Man of the match Tadhg Beirne, Iain Henderson, Connors, CJ Stander and Kelleher all forced penalties of turnovers at the breakdown in the first half an hour, the upshot of which was possession, position, momentum and prime counter-attacking opportunities for the visitors. Beirne helped himself to a couple of turnovers and at other times showed great endurance to ride several attempted clearouts and continue to slow down possession.

Ireland briefly forgot Raynal’s breakdown mantras and it cost them a try in first half injury time. Kilcoyne was penalised twice in quick succession and for the only time really in the first half, the visitors lost their shape in defence.

As Garbisi surged to the short side deep in the Irish 22, Sexton and the excellent Jamison Gibson-Park came up hard in defence, not taking the speed from the inside defenders, Tadhg Furlong and Connors. It created a dogleg, Garbisi took out the two Irish forwards and Italian flanker Johan Meyer cleverly changed his line to take the space inside the last two Irish defenders.

Kilcoyne offered a classic example of Ireland’s aggression at the breakdown soon after the interval, the Munster prop twice driving through the centre of a ruck and then forcing the home side to shovel the ball away hastily; he was having a fine game when forced off for a Head Injury Assessment (HIA) from which he didn’t return.

The arrival of the bench led to an understandable disconnect initially in terms of Ireland’s defensive line, no doubt representative of differing energy levels but that organisation quickly returned, unlike the attack where the visitors became a little ragged and linear. One or two better decisions would have led to more tries.
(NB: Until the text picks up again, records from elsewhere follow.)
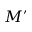<formula> <loc_0><loc_0><loc_500><loc_500>M ^ { \prime }</formula> 
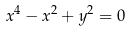Convert formula to latex. <formula><loc_0><loc_0><loc_500><loc_500>x ^ { 4 } - x ^ { 2 } + y ^ { 2 } = 0</formula> 
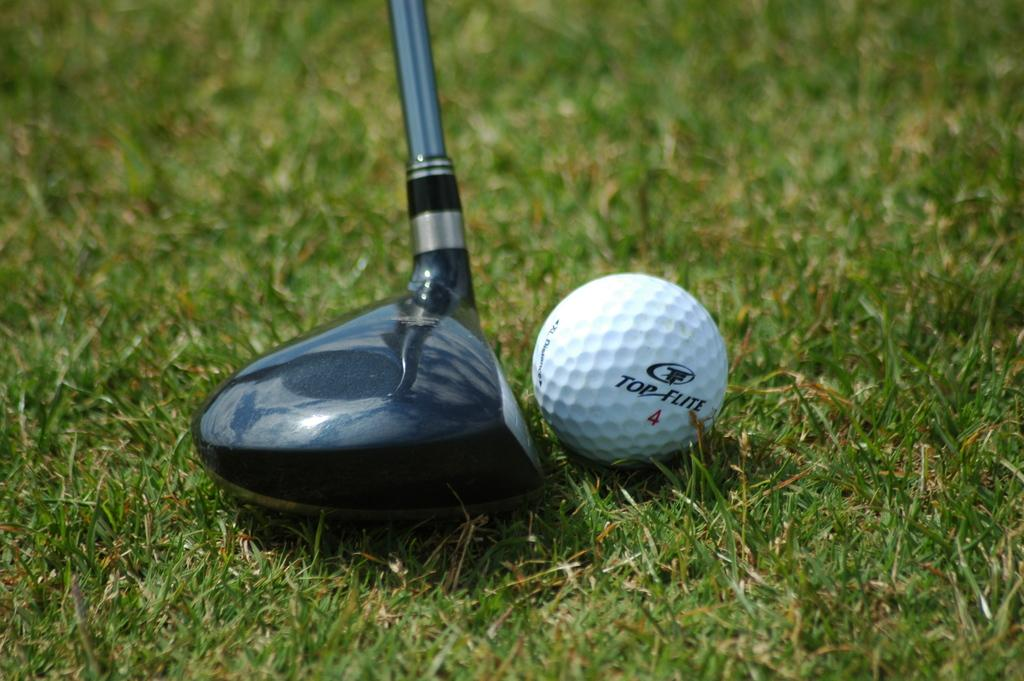What type of terrain is visible in the image? There is a grassy land in the image. What sport-related object can be seen in the image? There is a golf ball in the image. What is the golf ball likely being used for in the image? The golf ball is likely being used with a golf stick, which is also visible in the image. What type of hospital can be seen in the background of the image? There is no hospital present in the image; it features a grassy land with a golf ball and golf stick. What kind of toy is being played with in the image? There is no toy present in the image; it features a golf ball and golf stick, which are used for the sport of golf. 
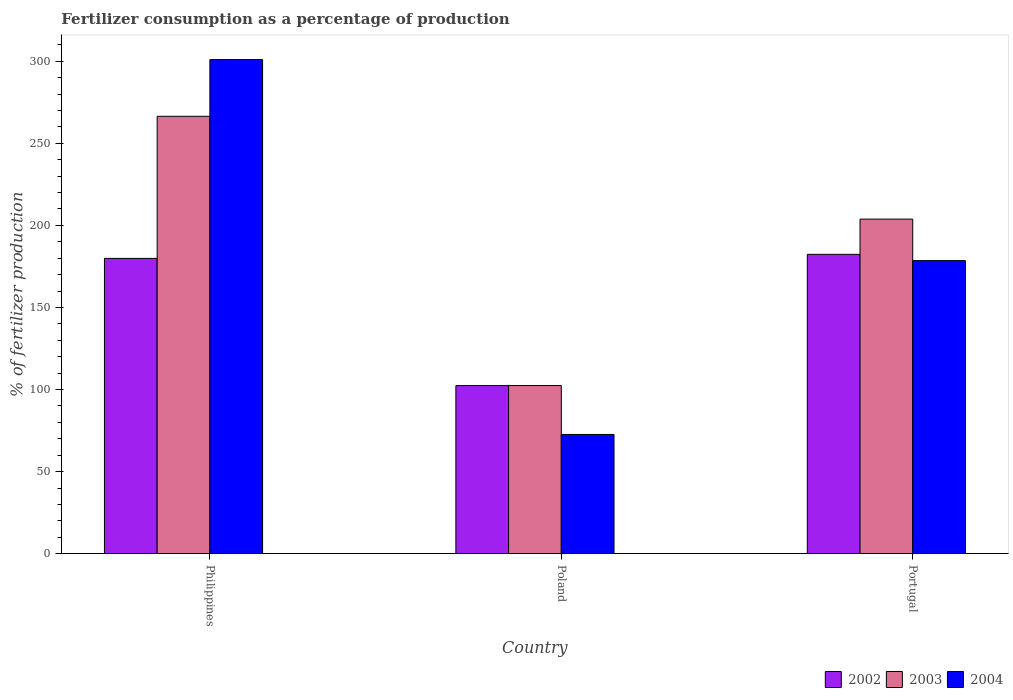How many different coloured bars are there?
Give a very brief answer. 3. How many groups of bars are there?
Give a very brief answer. 3. Are the number of bars on each tick of the X-axis equal?
Ensure brevity in your answer.  Yes. How many bars are there on the 3rd tick from the right?
Your response must be concise. 3. What is the percentage of fertilizers consumed in 2004 in Philippines?
Your response must be concise. 301.04. Across all countries, what is the maximum percentage of fertilizers consumed in 2002?
Ensure brevity in your answer.  182.38. Across all countries, what is the minimum percentage of fertilizers consumed in 2003?
Ensure brevity in your answer.  102.42. In which country was the percentage of fertilizers consumed in 2003 minimum?
Provide a short and direct response. Poland. What is the total percentage of fertilizers consumed in 2004 in the graph?
Your answer should be compact. 552.23. What is the difference between the percentage of fertilizers consumed in 2003 in Philippines and that in Portugal?
Offer a terse response. 62.63. What is the difference between the percentage of fertilizers consumed in 2003 in Portugal and the percentage of fertilizers consumed in 2004 in Philippines?
Ensure brevity in your answer.  -97.19. What is the average percentage of fertilizers consumed in 2004 per country?
Give a very brief answer. 184.08. What is the difference between the percentage of fertilizers consumed of/in 2003 and percentage of fertilizers consumed of/in 2004 in Poland?
Offer a very short reply. 29.78. What is the ratio of the percentage of fertilizers consumed in 2003 in Poland to that in Portugal?
Provide a short and direct response. 0.5. Is the percentage of fertilizers consumed in 2003 in Philippines less than that in Poland?
Your answer should be compact. No. What is the difference between the highest and the second highest percentage of fertilizers consumed in 2004?
Ensure brevity in your answer.  -105.91. What is the difference between the highest and the lowest percentage of fertilizers consumed in 2004?
Keep it short and to the point. 228.4. In how many countries, is the percentage of fertilizers consumed in 2004 greater than the average percentage of fertilizers consumed in 2004 taken over all countries?
Your answer should be very brief. 1. What does the 2nd bar from the left in Portugal represents?
Your answer should be very brief. 2003. What does the 2nd bar from the right in Portugal represents?
Provide a short and direct response. 2003. How many bars are there?
Your response must be concise. 9. Are all the bars in the graph horizontal?
Keep it short and to the point. No. What is the difference between two consecutive major ticks on the Y-axis?
Provide a succinct answer. 50. How many legend labels are there?
Keep it short and to the point. 3. What is the title of the graph?
Offer a very short reply. Fertilizer consumption as a percentage of production. Does "1969" appear as one of the legend labels in the graph?
Make the answer very short. No. What is the label or title of the X-axis?
Your response must be concise. Country. What is the label or title of the Y-axis?
Your answer should be very brief. % of fertilizer production. What is the % of fertilizer production of 2002 in Philippines?
Provide a short and direct response. 179.9. What is the % of fertilizer production in 2003 in Philippines?
Provide a succinct answer. 266.48. What is the % of fertilizer production in 2004 in Philippines?
Keep it short and to the point. 301.04. What is the % of fertilizer production in 2002 in Poland?
Provide a succinct answer. 102.4. What is the % of fertilizer production in 2003 in Poland?
Provide a short and direct response. 102.42. What is the % of fertilizer production in 2004 in Poland?
Provide a succinct answer. 72.64. What is the % of fertilizer production in 2002 in Portugal?
Offer a very short reply. 182.38. What is the % of fertilizer production in 2003 in Portugal?
Offer a very short reply. 203.85. What is the % of fertilizer production in 2004 in Portugal?
Keep it short and to the point. 178.55. Across all countries, what is the maximum % of fertilizer production of 2002?
Your answer should be compact. 182.38. Across all countries, what is the maximum % of fertilizer production in 2003?
Offer a terse response. 266.48. Across all countries, what is the maximum % of fertilizer production of 2004?
Provide a succinct answer. 301.04. Across all countries, what is the minimum % of fertilizer production in 2002?
Give a very brief answer. 102.4. Across all countries, what is the minimum % of fertilizer production in 2003?
Keep it short and to the point. 102.42. Across all countries, what is the minimum % of fertilizer production of 2004?
Give a very brief answer. 72.64. What is the total % of fertilizer production of 2002 in the graph?
Offer a very short reply. 464.68. What is the total % of fertilizer production of 2003 in the graph?
Provide a succinct answer. 572.74. What is the total % of fertilizer production in 2004 in the graph?
Your answer should be compact. 552.23. What is the difference between the % of fertilizer production of 2002 in Philippines and that in Poland?
Keep it short and to the point. 77.5. What is the difference between the % of fertilizer production of 2003 in Philippines and that in Poland?
Your answer should be very brief. 164.06. What is the difference between the % of fertilizer production of 2004 in Philippines and that in Poland?
Give a very brief answer. 228.4. What is the difference between the % of fertilizer production in 2002 in Philippines and that in Portugal?
Offer a very short reply. -2.48. What is the difference between the % of fertilizer production of 2003 in Philippines and that in Portugal?
Provide a succinct answer. 62.63. What is the difference between the % of fertilizer production in 2004 in Philippines and that in Portugal?
Provide a short and direct response. 122.49. What is the difference between the % of fertilizer production of 2002 in Poland and that in Portugal?
Make the answer very short. -79.97. What is the difference between the % of fertilizer production of 2003 in Poland and that in Portugal?
Offer a terse response. -101.43. What is the difference between the % of fertilizer production in 2004 in Poland and that in Portugal?
Keep it short and to the point. -105.91. What is the difference between the % of fertilizer production of 2002 in Philippines and the % of fertilizer production of 2003 in Poland?
Provide a short and direct response. 77.48. What is the difference between the % of fertilizer production in 2002 in Philippines and the % of fertilizer production in 2004 in Poland?
Provide a short and direct response. 107.26. What is the difference between the % of fertilizer production in 2003 in Philippines and the % of fertilizer production in 2004 in Poland?
Give a very brief answer. 193.84. What is the difference between the % of fertilizer production of 2002 in Philippines and the % of fertilizer production of 2003 in Portugal?
Offer a very short reply. -23.95. What is the difference between the % of fertilizer production in 2002 in Philippines and the % of fertilizer production in 2004 in Portugal?
Provide a succinct answer. 1.35. What is the difference between the % of fertilizer production in 2003 in Philippines and the % of fertilizer production in 2004 in Portugal?
Offer a very short reply. 87.93. What is the difference between the % of fertilizer production in 2002 in Poland and the % of fertilizer production in 2003 in Portugal?
Your response must be concise. -101.45. What is the difference between the % of fertilizer production of 2002 in Poland and the % of fertilizer production of 2004 in Portugal?
Provide a succinct answer. -76.15. What is the difference between the % of fertilizer production of 2003 in Poland and the % of fertilizer production of 2004 in Portugal?
Offer a very short reply. -76.13. What is the average % of fertilizer production of 2002 per country?
Your answer should be very brief. 154.89. What is the average % of fertilizer production in 2003 per country?
Offer a terse response. 190.91. What is the average % of fertilizer production in 2004 per country?
Give a very brief answer. 184.08. What is the difference between the % of fertilizer production of 2002 and % of fertilizer production of 2003 in Philippines?
Offer a very short reply. -86.58. What is the difference between the % of fertilizer production of 2002 and % of fertilizer production of 2004 in Philippines?
Give a very brief answer. -121.14. What is the difference between the % of fertilizer production of 2003 and % of fertilizer production of 2004 in Philippines?
Provide a short and direct response. -34.56. What is the difference between the % of fertilizer production of 2002 and % of fertilizer production of 2003 in Poland?
Your response must be concise. -0.02. What is the difference between the % of fertilizer production of 2002 and % of fertilizer production of 2004 in Poland?
Offer a terse response. 29.77. What is the difference between the % of fertilizer production in 2003 and % of fertilizer production in 2004 in Poland?
Offer a very short reply. 29.78. What is the difference between the % of fertilizer production in 2002 and % of fertilizer production in 2003 in Portugal?
Ensure brevity in your answer.  -21.47. What is the difference between the % of fertilizer production of 2002 and % of fertilizer production of 2004 in Portugal?
Your response must be concise. 3.83. What is the difference between the % of fertilizer production of 2003 and % of fertilizer production of 2004 in Portugal?
Offer a very short reply. 25.3. What is the ratio of the % of fertilizer production of 2002 in Philippines to that in Poland?
Ensure brevity in your answer.  1.76. What is the ratio of the % of fertilizer production of 2003 in Philippines to that in Poland?
Your answer should be very brief. 2.6. What is the ratio of the % of fertilizer production in 2004 in Philippines to that in Poland?
Your answer should be very brief. 4.14. What is the ratio of the % of fertilizer production in 2002 in Philippines to that in Portugal?
Your answer should be compact. 0.99. What is the ratio of the % of fertilizer production in 2003 in Philippines to that in Portugal?
Offer a very short reply. 1.31. What is the ratio of the % of fertilizer production of 2004 in Philippines to that in Portugal?
Offer a terse response. 1.69. What is the ratio of the % of fertilizer production of 2002 in Poland to that in Portugal?
Offer a very short reply. 0.56. What is the ratio of the % of fertilizer production of 2003 in Poland to that in Portugal?
Your answer should be compact. 0.5. What is the ratio of the % of fertilizer production of 2004 in Poland to that in Portugal?
Make the answer very short. 0.41. What is the difference between the highest and the second highest % of fertilizer production of 2002?
Provide a short and direct response. 2.48. What is the difference between the highest and the second highest % of fertilizer production of 2003?
Provide a short and direct response. 62.63. What is the difference between the highest and the second highest % of fertilizer production in 2004?
Provide a short and direct response. 122.49. What is the difference between the highest and the lowest % of fertilizer production in 2002?
Your response must be concise. 79.97. What is the difference between the highest and the lowest % of fertilizer production in 2003?
Your answer should be compact. 164.06. What is the difference between the highest and the lowest % of fertilizer production of 2004?
Give a very brief answer. 228.4.

Jack Conan, Andrew Porter and debutant Ryan Baird all made big plays defensively and maintained that level of aggression at the breakdown and in their carrying and tackling. People may prefer to focus on Italy’s shortcomings but it shouldn’t camouflage the incremental improvements in many aspects of Ireland’s performance.

The attacking fluency in the first half may commandeer the headlines but Ireland’s defence and breakdown work outside of the first 10 minutes not only shut the Italians down but provided a launch pad to attack. There will be much tougher challenges ahead but it was a decent starting point for that journey.